Question

A bomb is dropped by a fighter plane flying horizontally. To an observer sitting in the plane, the trajectory of the bomb is a :

• A. parabola in the direction of motion of plane
• B. straight line vertically down the plane
• C. parabola in a direction opposite to the motion of plane
• D. hyperbola

Hint:

In problems of relative motion, always identify the frame of reference. For an object dropped from a vehicle moving with constant velocity (neglecting air resistance), the object's horizontal velocity remains the same as the vehicle's.
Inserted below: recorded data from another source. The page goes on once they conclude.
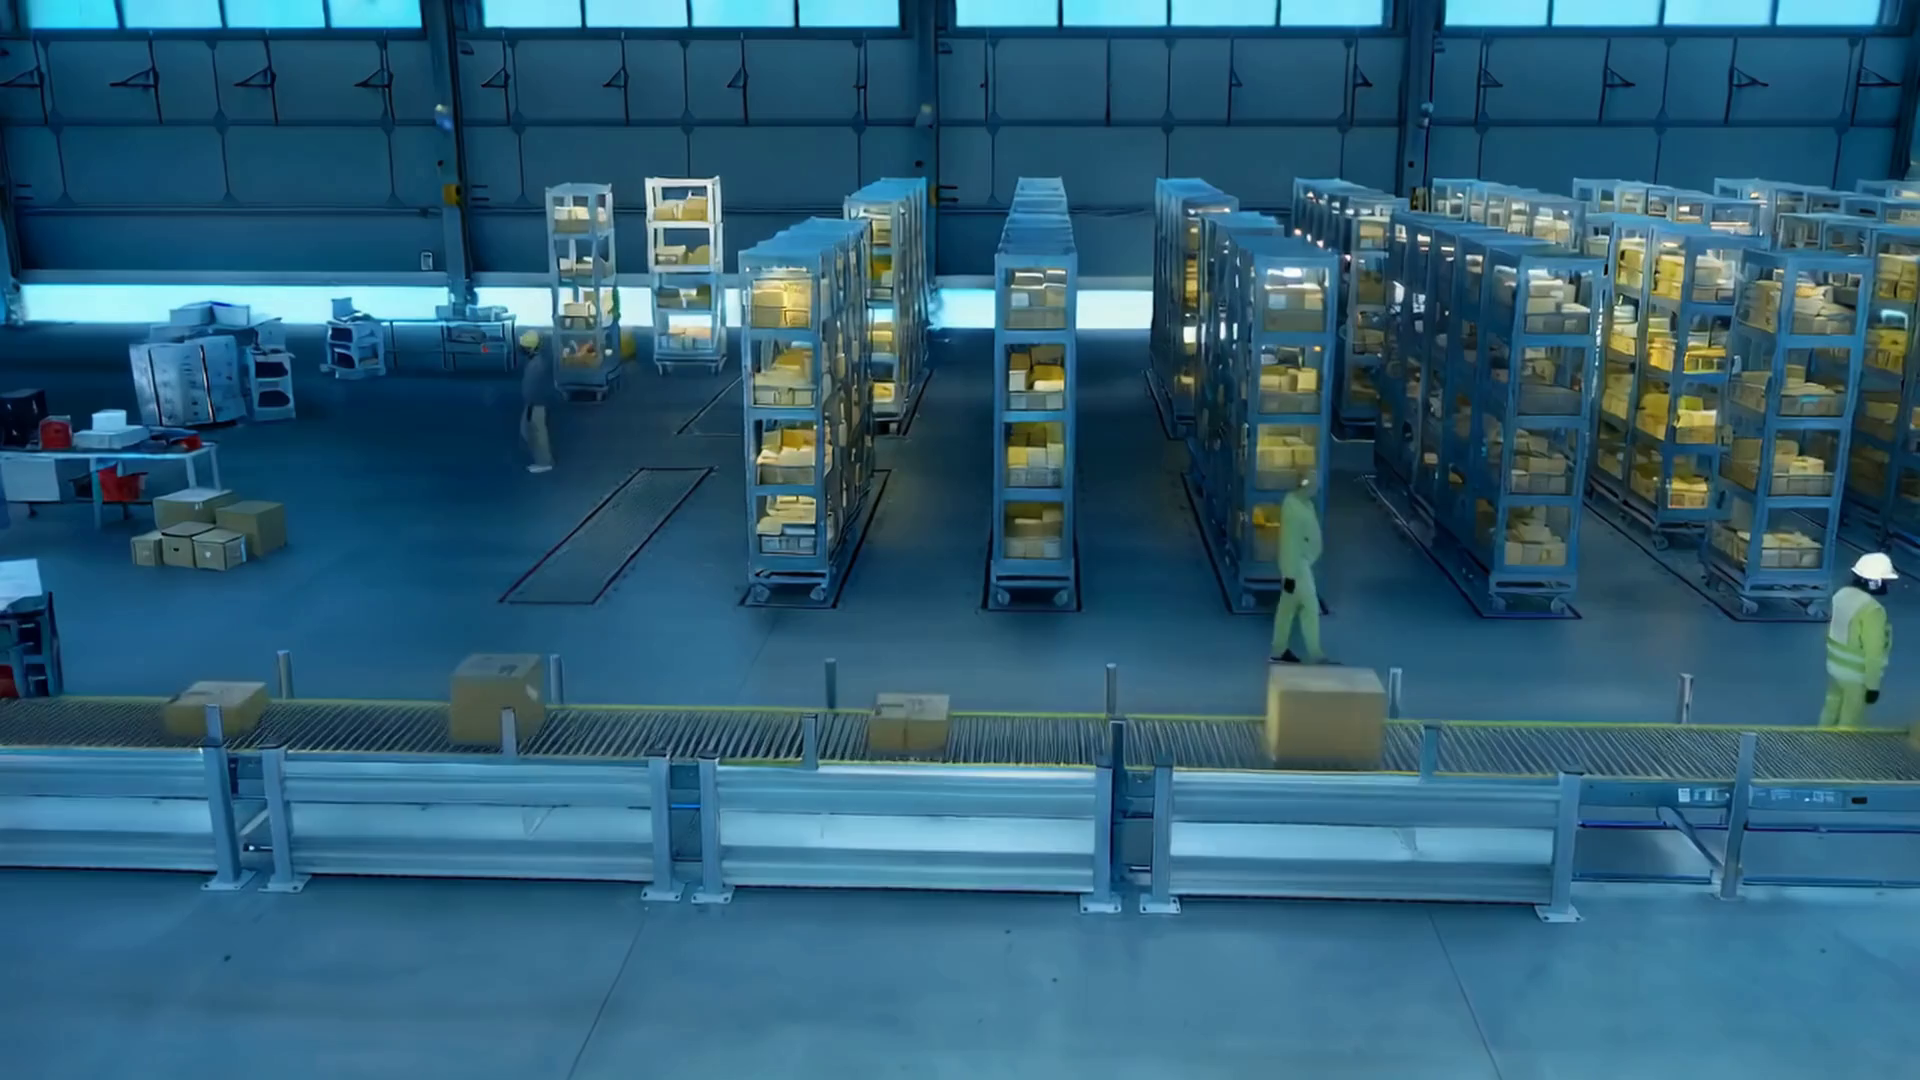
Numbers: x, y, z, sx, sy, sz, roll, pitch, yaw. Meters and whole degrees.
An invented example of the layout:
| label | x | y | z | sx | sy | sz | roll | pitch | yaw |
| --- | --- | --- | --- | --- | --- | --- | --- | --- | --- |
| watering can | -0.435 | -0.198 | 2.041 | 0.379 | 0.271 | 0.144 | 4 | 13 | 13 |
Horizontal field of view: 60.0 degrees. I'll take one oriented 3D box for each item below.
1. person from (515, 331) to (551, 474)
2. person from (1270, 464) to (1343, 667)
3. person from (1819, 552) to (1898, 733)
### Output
| label | x | y | z | sx | sy | sz | roll | pitch | yaw |
| --- | --- | --- | --- | --- | --- | --- | --- | --- | --- |
| person | -5.869 | -1.868 | 22.712 | 0.517 | 1.980 | 0.644 | -4 | 16 | -14 |
| person | 3.192 | 0.248 | 15.030 | 0.738 | 1.884 | 0.678 | 3 | 15 | 12 |
| person | 6.706 | 0.977 | 12.438 | 0.403 | 1.832 | 0.593 | 0 | 15 | -1 |
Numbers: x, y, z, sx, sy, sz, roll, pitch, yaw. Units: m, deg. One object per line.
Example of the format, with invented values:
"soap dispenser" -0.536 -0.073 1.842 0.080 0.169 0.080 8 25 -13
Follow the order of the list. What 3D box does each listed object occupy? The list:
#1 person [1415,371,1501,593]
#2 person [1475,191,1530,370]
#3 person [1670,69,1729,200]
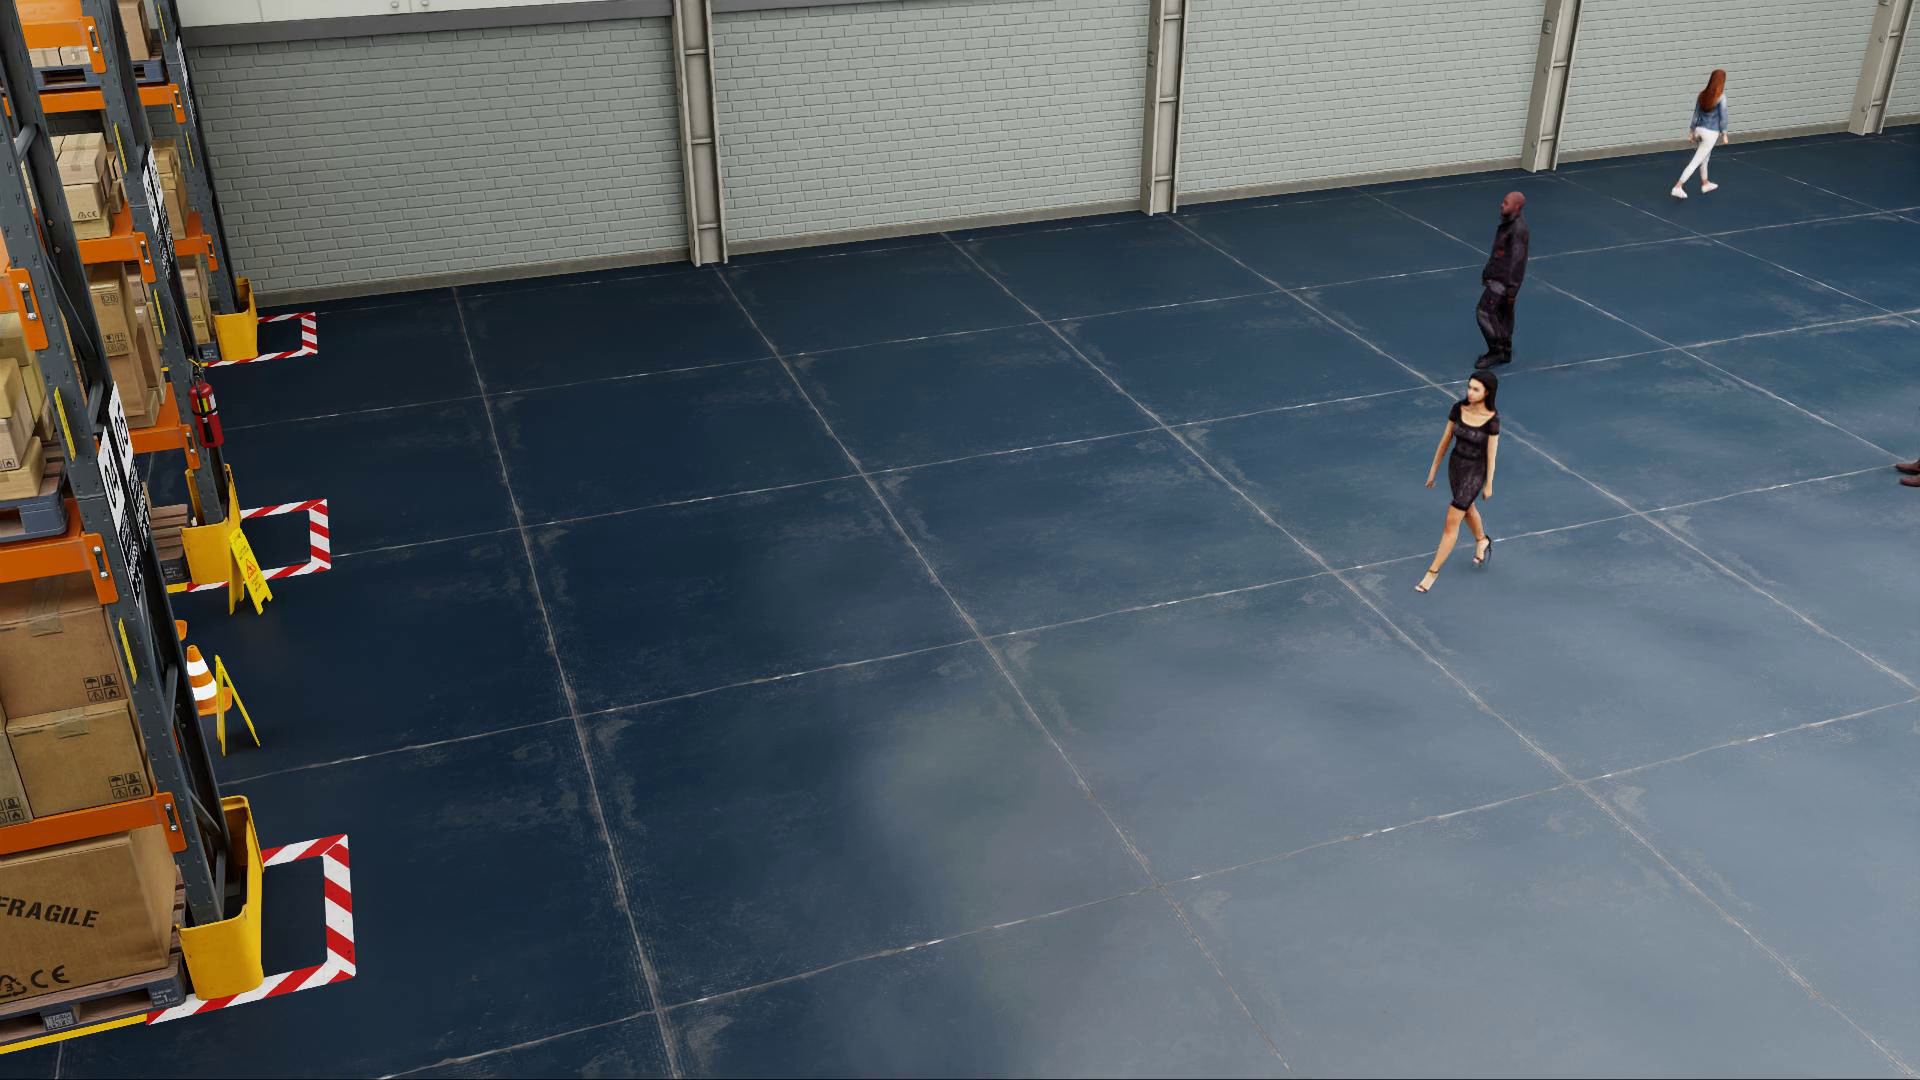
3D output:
"person" 3.948 -0.468 12.785 1.201 1.743 0.828 -18 33 -31
"person" 5.598 -2.625 16.760 0.868 1.813 0.845 4 28 8
"person" 9.792 -5.319 21.980 1.104 1.662 0.609 -10 30 -17

Thus, from the vehicle's perspective, there is no horizontal motion, only vertical motion.

Answer 1

The Correct Option is B

Step 1: Understanding the Question:
We need to determine the path of a bomb, as seen by an observer in the plane from which it was dropped. The plane is flying horizontally. We will neglect air resistance.
Step 2: Key Formula or Approach:
This is a problem of relative motion. We need to analyze the motion of the bomb in the frame of reference of the airplane.
Let \( \vec{v}_{b,g} \) be the velocity of the bomb relative to the ground.
Let \( \vec{v}_{p,g} \) be the velocity of the plane relative to the ground.
The velocity of the bomb relative to the plane is \( \vec{v}_{b,p} = \vec{v}_{b,g} - \vec{v}_{p,g} \).
Step 3: Detailed Explanation:
Let the plane be flying with a constant horizontal velocity \( v_x \hat{i} \). So, \( \vec{v}_{p,g} = v_x \hat{i} \).
At the moment the bomb is dropped (t=0), it has the same horizontal velocity as the plane. Its initial velocity relative to the ground is \( \vec{v}_{b,g}(0) = v_x \hat{i} \).
After being dropped, the bomb is subject to gravity. Its velocity at any time t is:
- Horizontal component: \( v_{bx}(t) = v_x \) (constant, as there is no horizontal acceleration).
- Vertical component: \( v_{by}(t) = -gt \) (due to gravity, taking downward as negative).
So, the velocity of the bomb relative to the ground is \( \vec{v}_{b,g}(t) = v_x \hat{i} - gt \hat{j} \).
The velocity of the plane relative to the ground remains constant: \( \vec{v}_{p,g}(t) = v_x \hat{i} \).
Now, we find the velocity of the bomb relative to the plane:
\[ \vec{v}_{b,p}(t) = \vec{v}_{b,g}(t) - \vec{v}_{p,g}(t) \] \[ \vec{v}_{b,p}(t) = (v_x \hat{i} - gt \hat{j}) - (v_x \hat{i}) = -gt \hat{j} \] The result \( \vec{v}_{b,p}(t) = -gt \hat{j} \) shows that, in the plane's frame of reference, the bomb has no horizontal velocity component. Its only motion is a downward acceleration.
Therefore, to the observer in the plane, the bomb appears to fall straight down vertically.
Step 4: Final Answer:
The trajectory of the bomb as seen by an observer in the plane is a straight line vertically down. This corresponds to option (B). (Note: For an observer on the ground, the trajectory would be a parabola).